Logo

Utouto Suyasuya Español _hot_ -

1 SWIFT/BIC code across 1 country.

US(1 code)

SWIFT/BIC
PUVLUS42

Get an account with Swift/BIC code details on WeWire

Access SWIFT/BIC code details for banks worldwide. Create a WeWire account to make fast, secure cross-border payments to 80+ countries.

Settled $1bn in transactions to
80+ countries

WeWire supports these and many others

USD flag

USD

GBP flag

GBP

GHS flag

GHS

NGN flag

NGN

XAF flag

XAF

AED flag

AED

+74
more

Expand your business to foreign markets

Make cross-border transfers to 80+ countries and enjoy virtual wallets and account features, fast payments, competitive rates on a variety of currency pairs and a whole lot more perks.

Create an Account

Utouto Suyasuya Español _hot_ -

A veces el cansancio llega sin avisar. Cierro los ojos por un segundo mientras leo una frase en español, y caigo en ese estado dulce y frágil: . Ese balanceo entre estar despierta y dormida, donde las palabras todavía se escuchan, pero ya no las entiendo del todo. Son como sonidos de fondo, como si el idioma se hiciera cobija.

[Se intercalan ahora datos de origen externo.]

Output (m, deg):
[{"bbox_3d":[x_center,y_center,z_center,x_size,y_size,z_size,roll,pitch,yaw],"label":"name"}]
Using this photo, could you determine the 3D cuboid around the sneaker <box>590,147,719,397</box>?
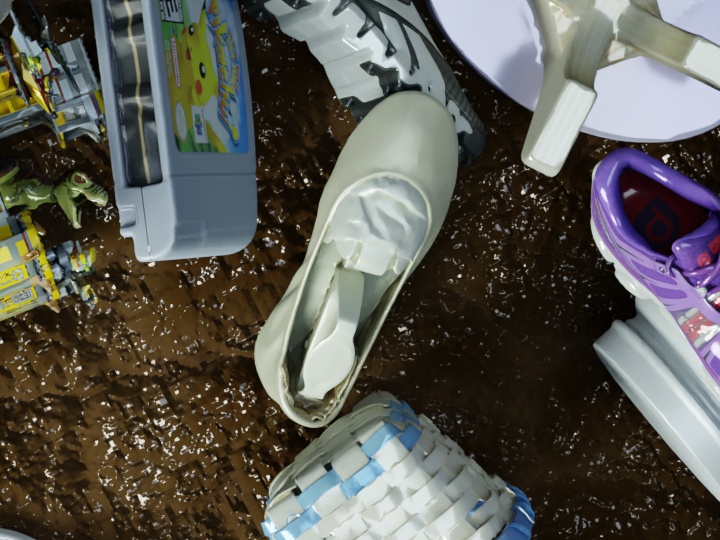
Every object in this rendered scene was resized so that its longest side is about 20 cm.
[{"bbox_3d":[0.186,0.014,1.477,0.200,0.083,0.081,41,86,21],"label":"sneaker"}]

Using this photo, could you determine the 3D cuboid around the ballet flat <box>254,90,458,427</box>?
[{"bbox_3d":[0.000,0.000,1.554,0.069,0.069,0.200,19,119,-10],"label":"ballet flat"}]

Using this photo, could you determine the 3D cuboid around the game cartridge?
[{"bbox_3d":[-0.096,-0.106,1.525,0.040,0.133,0.200,-7,90,15],"label":"game cartridge"}]

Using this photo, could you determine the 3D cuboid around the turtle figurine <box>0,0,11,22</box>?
[{"bbox_3d":[-0.185,-0.184,1.376,0.200,0.144,0.194,58,44,-34],"label":"turtle figurine"}]

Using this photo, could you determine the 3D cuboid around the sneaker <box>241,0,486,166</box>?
[{"bbox_3d":[0.007,-0.140,1.568,0.200,0.066,0.091,42,61,-26],"label":"sneaker"}]

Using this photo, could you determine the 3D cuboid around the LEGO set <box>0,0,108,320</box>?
[{"bbox_3d":[-0.161,-0.055,1.508,0.116,0.200,0.154,-21,80,-6],"label":"LEGO set"}]

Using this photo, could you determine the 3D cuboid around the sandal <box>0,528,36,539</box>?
[{"bbox_3d":[-0.158,0.224,1.601,0.079,0.059,0.207,-44,101,0],"label":"sandal"}]

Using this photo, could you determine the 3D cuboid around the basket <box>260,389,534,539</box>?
[{"bbox_3d":[0.039,0.170,1.568,0.139,0.176,0.200,-44,92,2],"label":"basket"}]

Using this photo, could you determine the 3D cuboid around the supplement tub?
[{"bbox_3d":[0.241,0.023,1.584,0.200,0.145,0.145,-39,101,-1],"label":"supplement tub"}]

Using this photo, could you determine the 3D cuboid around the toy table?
[{"bbox_3d":[0.132,-0.139,1.562,0.200,0.117,0.184,15,95,-8],"label":"toy table"}]
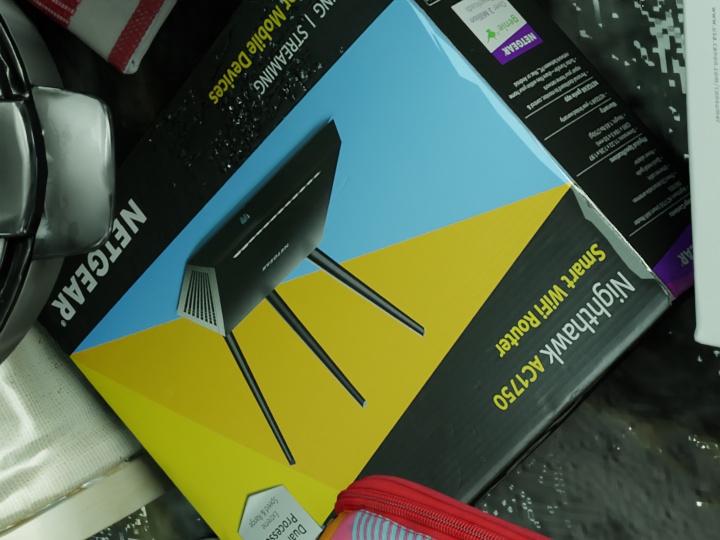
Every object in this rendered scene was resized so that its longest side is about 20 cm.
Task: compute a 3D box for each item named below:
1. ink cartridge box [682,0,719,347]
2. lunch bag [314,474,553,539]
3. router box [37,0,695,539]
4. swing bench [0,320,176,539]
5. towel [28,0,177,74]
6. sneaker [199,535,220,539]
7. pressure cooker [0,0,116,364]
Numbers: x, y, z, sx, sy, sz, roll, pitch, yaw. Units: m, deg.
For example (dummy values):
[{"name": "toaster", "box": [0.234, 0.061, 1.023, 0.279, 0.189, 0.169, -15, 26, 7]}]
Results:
[{"name": "ink cartridge box", "box": [0.167, -0.073, 0.630, 0.175, 0.084, 0.201, 12, 118, 34]}, {"name": "lunch bag", "box": [0.070, 0.151, 0.751, 0.176, 0.082, 0.200, 16, 151, 55]}, {"name": "router box", "box": [0.000, 0.000, 0.822, 0.149, 0.051, 0.200, 48, 132, 8]}, {"name": "swing bench", "box": [-0.192, 0.028, 0.942, 0.200, 0.129, 0.200, -27, 91, 44]}, {"name": "towel", "box": [-0.110, -0.165, 0.769, 0.200, 0.023, 0.144, 43, 130, 8]}, {"name": "sneaker", "box": [-0.107, 0.163, 0.964, 0.076, 0.087, 0.200, 51, 133, 8]}, {"name": "pressure cooker", "box": [-0.172, -0.027, 0.764, 0.176, 0.200, 0.179, -44, 93, 0]}]

Así que esta va por esas siestas improvisadas con un libro en el pecho. Por los podcasts de historia de México que terminan siendo ruido blanco. Por las series españolas que ves a las 3 p.m. con los ojos a medio cerrar. utouto suyasuya español

Here’s a short blog post in Spanish inspired by the Japanese words (drowsy, dozing off) and “suyasuya” (peacefully sleeping). The post plays with the contrast between a restless nap and a deep, calm sleep, all through a cozy, reflective tone. Título: Utouto, suyasuya… y el español se vuelve arrullo A veces el cansancio llega sin avisar

Y entonces llegó : el sueño profundo, sin sobresaltos, sin ruido. Dormir así es casi un lujo, pero cuando el español te arrulla —con sus acentos, sus melodías de verbos, su calor de “tú” y “vos” y “usted” según quién te hable—, el descanso se vuelve poesía involuntaria. Son como sonidos de fondo, como si el

Utouto, suyasuya. El español no solo se habla: también se duerme. Y se sueña. Y se descansa como quien escucha una nana al fondo del mundo.

Hoy me pasó leyendo un cuento corto de Cortázar. De repente, “persiana” sonó a terciopelo. “Amanecer” se convirtió en un suspiro. Las erres suaves, las eses alargadas… todo el español se volvió una canción de cuna inesperada.